### PROBLEM TO WORK ON
Write out the records that appear below, verbatim and complete, but without pictures.

### RECORDED INFORMATION
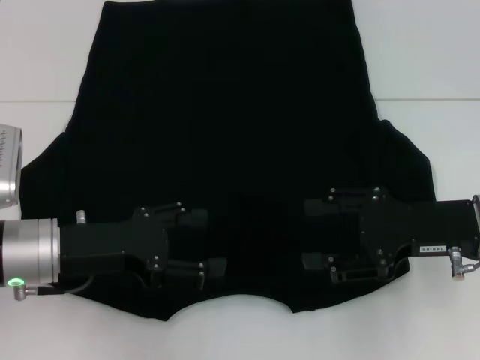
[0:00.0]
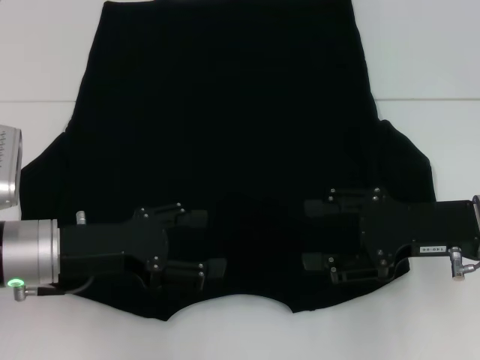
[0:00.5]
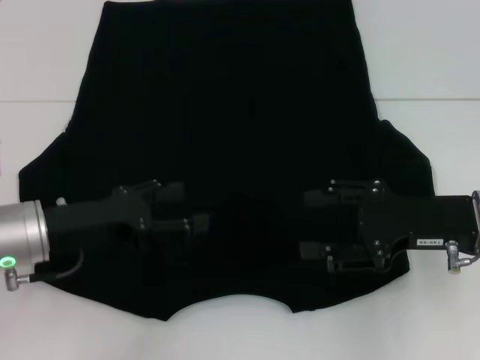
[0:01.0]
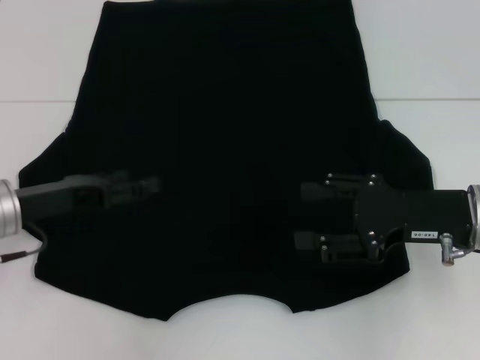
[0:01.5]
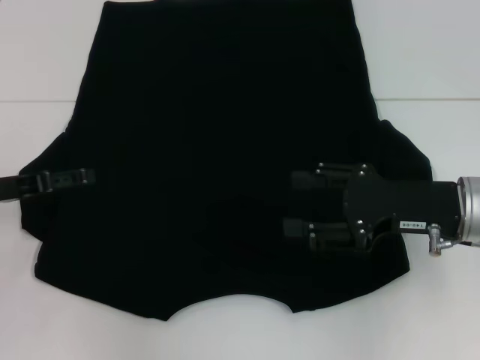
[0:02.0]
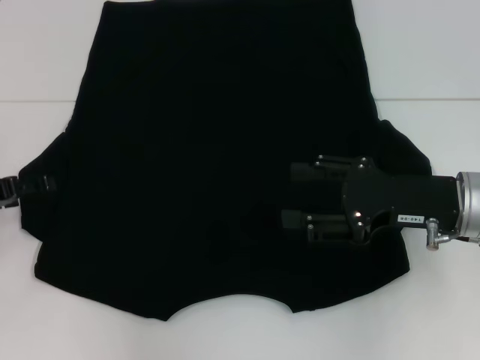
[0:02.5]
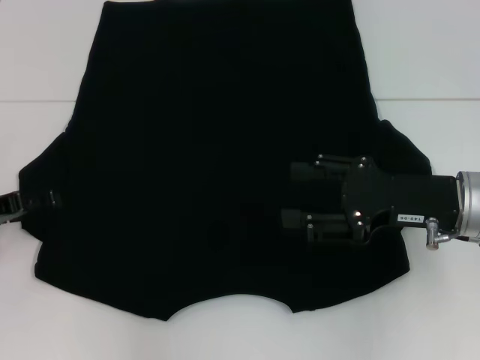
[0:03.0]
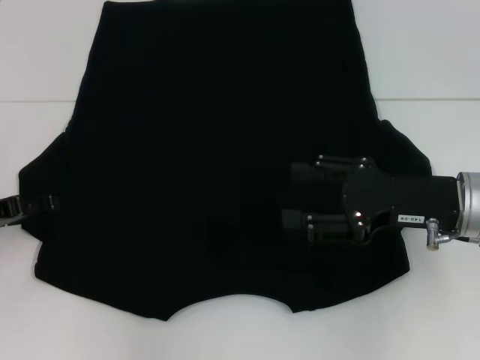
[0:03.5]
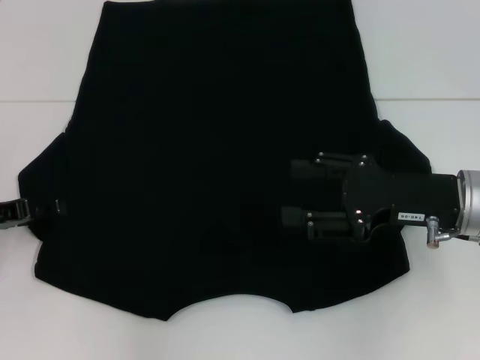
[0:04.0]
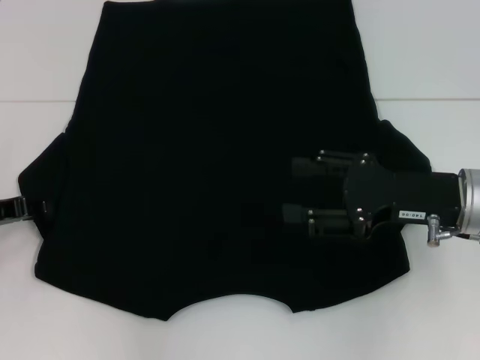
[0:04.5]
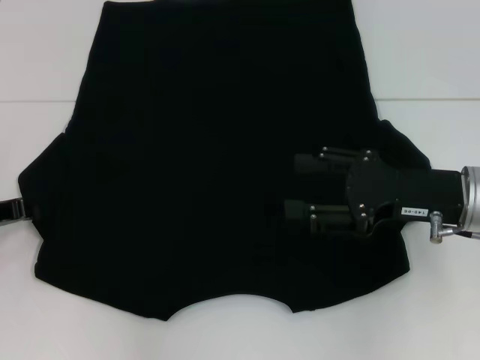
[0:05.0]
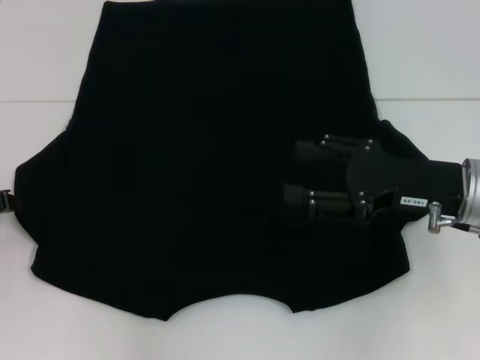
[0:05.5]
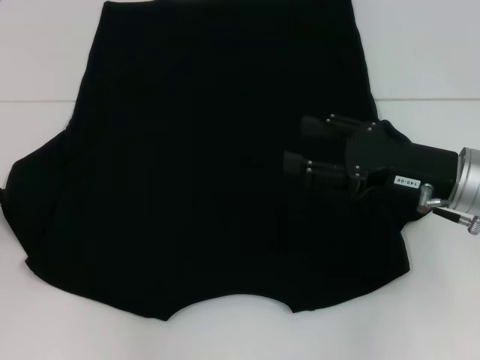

### TASK SOLUTION
[0:00.0]
[0:00.5]
[0:01.0]
[0:01.5]
[0:02.0]
[0:02.5]
[0:03.0]
[0:03.5]
[0:04.0]
[0:04.5]
[0:05.0]
[0:05.5]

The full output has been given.